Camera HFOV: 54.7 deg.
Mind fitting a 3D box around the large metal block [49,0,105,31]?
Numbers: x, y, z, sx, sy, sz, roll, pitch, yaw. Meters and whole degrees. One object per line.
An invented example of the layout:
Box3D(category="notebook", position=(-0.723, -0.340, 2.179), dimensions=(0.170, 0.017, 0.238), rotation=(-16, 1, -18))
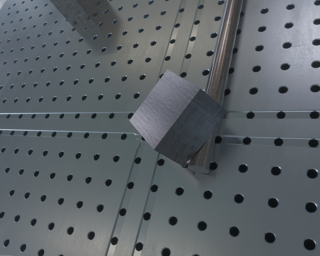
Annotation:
Box3D(category="large metal block", position=(-0.160, -0.256, 0.615), dimensions=(0.050, 0.080, 0.080), rotation=(-4, 60, 26))

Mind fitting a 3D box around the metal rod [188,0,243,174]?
Box3D(category="metal rod", position=(0.081, -0.084, 0.416), dimensions=(0.025, 0.025, 0.300), rotation=(2, 62, 29))

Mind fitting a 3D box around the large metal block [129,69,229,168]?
Box3D(category="large metal block", position=(0.019, -0.014, 0.368), dimensions=(0.080, 0.050, 0.080), rotation=(-53, 34, 5))
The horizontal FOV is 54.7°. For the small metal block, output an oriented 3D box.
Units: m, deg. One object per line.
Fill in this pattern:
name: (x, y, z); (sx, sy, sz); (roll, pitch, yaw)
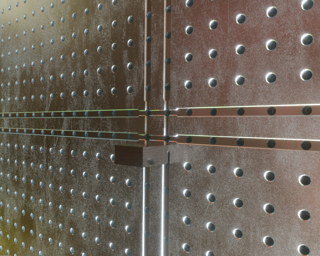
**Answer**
small metal block: (-0.024, 0.035, 0.411); (0.050, 0.050, 0.025); (1, 91, 39)
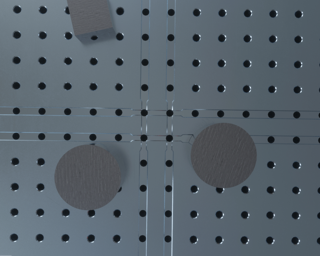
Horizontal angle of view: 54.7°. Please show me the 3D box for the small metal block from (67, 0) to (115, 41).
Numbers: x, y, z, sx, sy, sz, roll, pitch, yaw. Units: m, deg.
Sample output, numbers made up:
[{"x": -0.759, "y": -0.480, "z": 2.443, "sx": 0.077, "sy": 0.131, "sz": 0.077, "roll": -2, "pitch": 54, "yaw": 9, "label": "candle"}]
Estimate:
[{"x": -0.091, "y": -0.149, "z": 0.412, "sx": 0.050, "sy": 0.025, "sz": 0.050, "roll": -13, "pitch": 90, "yaw": 0, "label": "small metal block"}]

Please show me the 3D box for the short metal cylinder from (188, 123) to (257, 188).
[{"x": 0.078, "y": 0.033, "z": 0.401, "sx": 0.081, "sy": 0.050, "sz": 0.080, "roll": 0, "pitch": 90, "yaw": 0, "label": "short metal cylinder"}]

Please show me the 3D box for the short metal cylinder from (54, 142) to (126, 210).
[{"x": -0.087, "y": 0.060, "z": 0.400, "sx": 0.081, "sy": 0.050, "sz": 0.080, "roll": 0, "pitch": 90, "yaw": 0, "label": "short metal cylinder"}]
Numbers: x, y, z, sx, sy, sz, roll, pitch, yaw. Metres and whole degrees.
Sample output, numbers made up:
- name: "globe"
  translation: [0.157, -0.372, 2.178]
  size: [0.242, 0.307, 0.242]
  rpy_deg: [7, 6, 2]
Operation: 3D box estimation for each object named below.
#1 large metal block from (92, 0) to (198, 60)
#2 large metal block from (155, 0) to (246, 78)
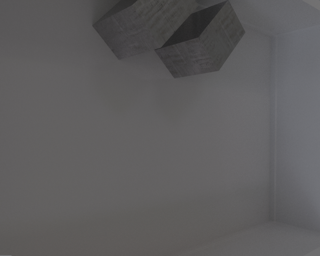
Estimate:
- name: "large metal block"
  translation: [-0.017, -0.129, 0.356]
  size: [0.050, 0.080, 0.080]
  rpy_deg: [52, 60, -28]
- name: "large metal block"
  translation: [0.053, -0.116, 0.415]
  size: [0.050, 0.080, 0.080]
  rpy_deg: [51, 60, -28]
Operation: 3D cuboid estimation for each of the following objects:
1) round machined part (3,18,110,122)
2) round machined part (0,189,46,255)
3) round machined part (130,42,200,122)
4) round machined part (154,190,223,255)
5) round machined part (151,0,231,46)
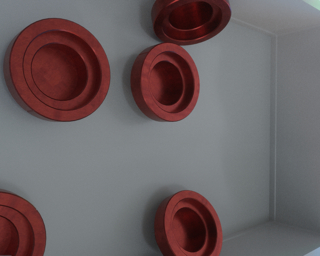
[{"bbox_3d":[-0.103,-0.055,0.309,0.099,0.042,0.097,0,90,-40],"label":"round machined part"},{"bbox_3d":[-0.154,0.100,0.266,0.099,0.042,0.097,0,90,-40],"label":"round machined part"},{"bbox_3d":[0.002,-0.057,0.397,0.099,0.042,0.097,0,90,-40],"label":"round machined part"},{"bbox_3d":[0.032,0.135,0.407,0.099,0.042,0.098,21,52,-30],"label":"round machined part"},{"bbox_3d":[0.037,-0.151,0.394,0.099,0.098,0.042,7,66,-40],"label":"round machined part"}]
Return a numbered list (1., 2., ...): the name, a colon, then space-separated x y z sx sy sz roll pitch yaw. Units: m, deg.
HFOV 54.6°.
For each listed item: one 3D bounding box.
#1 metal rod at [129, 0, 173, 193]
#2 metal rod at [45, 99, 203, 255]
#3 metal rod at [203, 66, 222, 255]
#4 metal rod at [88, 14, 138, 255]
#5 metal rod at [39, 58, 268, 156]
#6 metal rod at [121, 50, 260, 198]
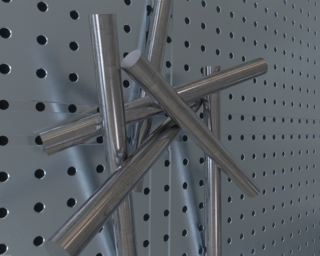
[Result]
1. metal rod: -0.011 -0.070 0.398 0.025 0.025 0.299 15 80 -39
2. metal rod: -0.008 0.022 0.342 0.301 0.025 0.025 -46 119 -51
3. metal rod: 0.077 0.062 0.451 0.025 0.025 0.298 -11 103 -39
4. metal rod: -0.045 0.038 0.330 0.025 0.025 0.298 -19 115 -38
5. metal rod: 0.012 -0.035 0.371 0.302 0.025 0.025 -22 104 -23
6. metal rod: 0.058 0.015 0.390 0.300 0.025 0.025 43 64 -38
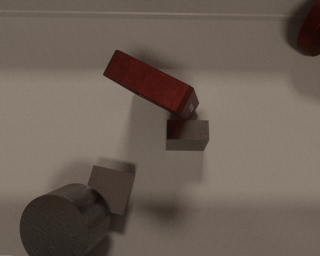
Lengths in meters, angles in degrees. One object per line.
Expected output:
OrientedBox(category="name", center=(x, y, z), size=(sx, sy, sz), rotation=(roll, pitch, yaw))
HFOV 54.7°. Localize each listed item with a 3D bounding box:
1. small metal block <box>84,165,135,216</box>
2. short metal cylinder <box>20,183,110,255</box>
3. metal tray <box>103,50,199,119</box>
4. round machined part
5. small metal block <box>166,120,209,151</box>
OrientedBox(category="small metal block", center=(-0.062, 0.077, 0.381), size=(0.050, 0.025, 0.050), rotation=(12, 70, 4))
OrientedBox(category="short metal cylinder", center=(-0.102, 0.106, 0.340), size=(0.080, 0.050, 0.079), rotation=(1, 94, 15))
OrientedBox(category="metal tray", center=(-0.003, -0.044, 0.369), size=(0.090, 0.130, 0.030), rotation=(28, 93, 9))
OrientedBox(category="round machined part", center=(0.238, -0.140, 0.421), size=(0.098, 0.098, 0.042), rotation=(-37, 58, -12))
OrientedBox(category="small metal block", center=(0.033, 0.010, 0.393), size=(0.050, 0.050, 0.025), rotation=(1, 70, 0))
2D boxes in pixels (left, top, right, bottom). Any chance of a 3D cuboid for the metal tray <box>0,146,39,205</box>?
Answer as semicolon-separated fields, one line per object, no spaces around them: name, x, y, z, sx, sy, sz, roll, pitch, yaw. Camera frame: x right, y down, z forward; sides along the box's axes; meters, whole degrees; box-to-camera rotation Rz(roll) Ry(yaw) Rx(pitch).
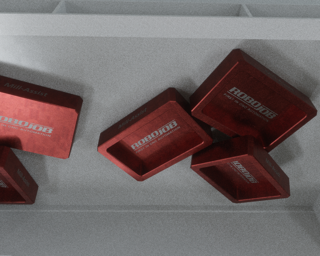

........

Search the entries above for the string "bounding", and report each line where it occurs.

Answer space:
For each listed item: one 3D bounding box.
HFOV 54.7°. Localize each listed item with a 3D bounding box:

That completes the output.